━━━━━ GIVEN RECORDS ━━━━━

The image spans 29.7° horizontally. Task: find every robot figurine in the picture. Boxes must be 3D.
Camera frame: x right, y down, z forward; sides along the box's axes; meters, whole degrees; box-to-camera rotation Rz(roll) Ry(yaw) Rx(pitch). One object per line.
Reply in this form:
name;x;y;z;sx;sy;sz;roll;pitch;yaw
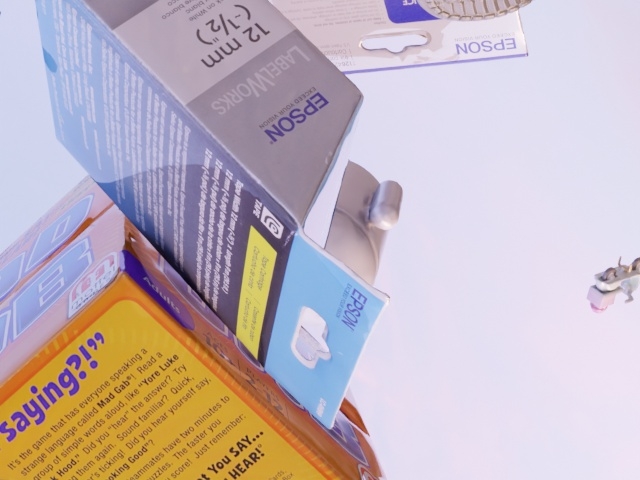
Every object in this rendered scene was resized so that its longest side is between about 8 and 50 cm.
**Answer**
robot figurine;0.000;0.000;1.869;0.200;0.300;0.353;50;-153;-16

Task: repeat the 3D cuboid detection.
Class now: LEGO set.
LEGO set;0.430;0.128;1.348;0.287;0.132;0.107;50;150;45

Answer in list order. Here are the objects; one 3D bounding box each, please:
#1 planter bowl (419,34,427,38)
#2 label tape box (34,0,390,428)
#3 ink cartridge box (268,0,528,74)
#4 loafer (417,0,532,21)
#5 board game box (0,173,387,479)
planter bowl;0.180;-0.362;1.630;0.162;0.162;0.109;37;-134;-39
label tape box;-0.060;-0.053;0.890;0.115;0.249;0.348;-39;-106;-23
ink cartridge box;0.060;-0.326;1.330;0.307;0.304;0.072;68;-153;-45
loafer;0.200;-0.289;1.131;0.094;0.251;0.087;51;-163;-61
board game box;-0.194;0.194;1.150;0.356;0.356;0.356;46;-173;-22

━━━━━

== ASSIGNMENT ==
The lines above that hold "pitch" are the result; show every one of them.

== RESULT OF THIS TASK ==
Camera frame: x right, y down, z forward; sides along the box's axes; meters, whole degrees; box-to-camera rotation Rz(roll) Ry(yaw) Rx(pitch). One object per line.
name;x;y;z;sx;sy;sz;roll;pitch;yaw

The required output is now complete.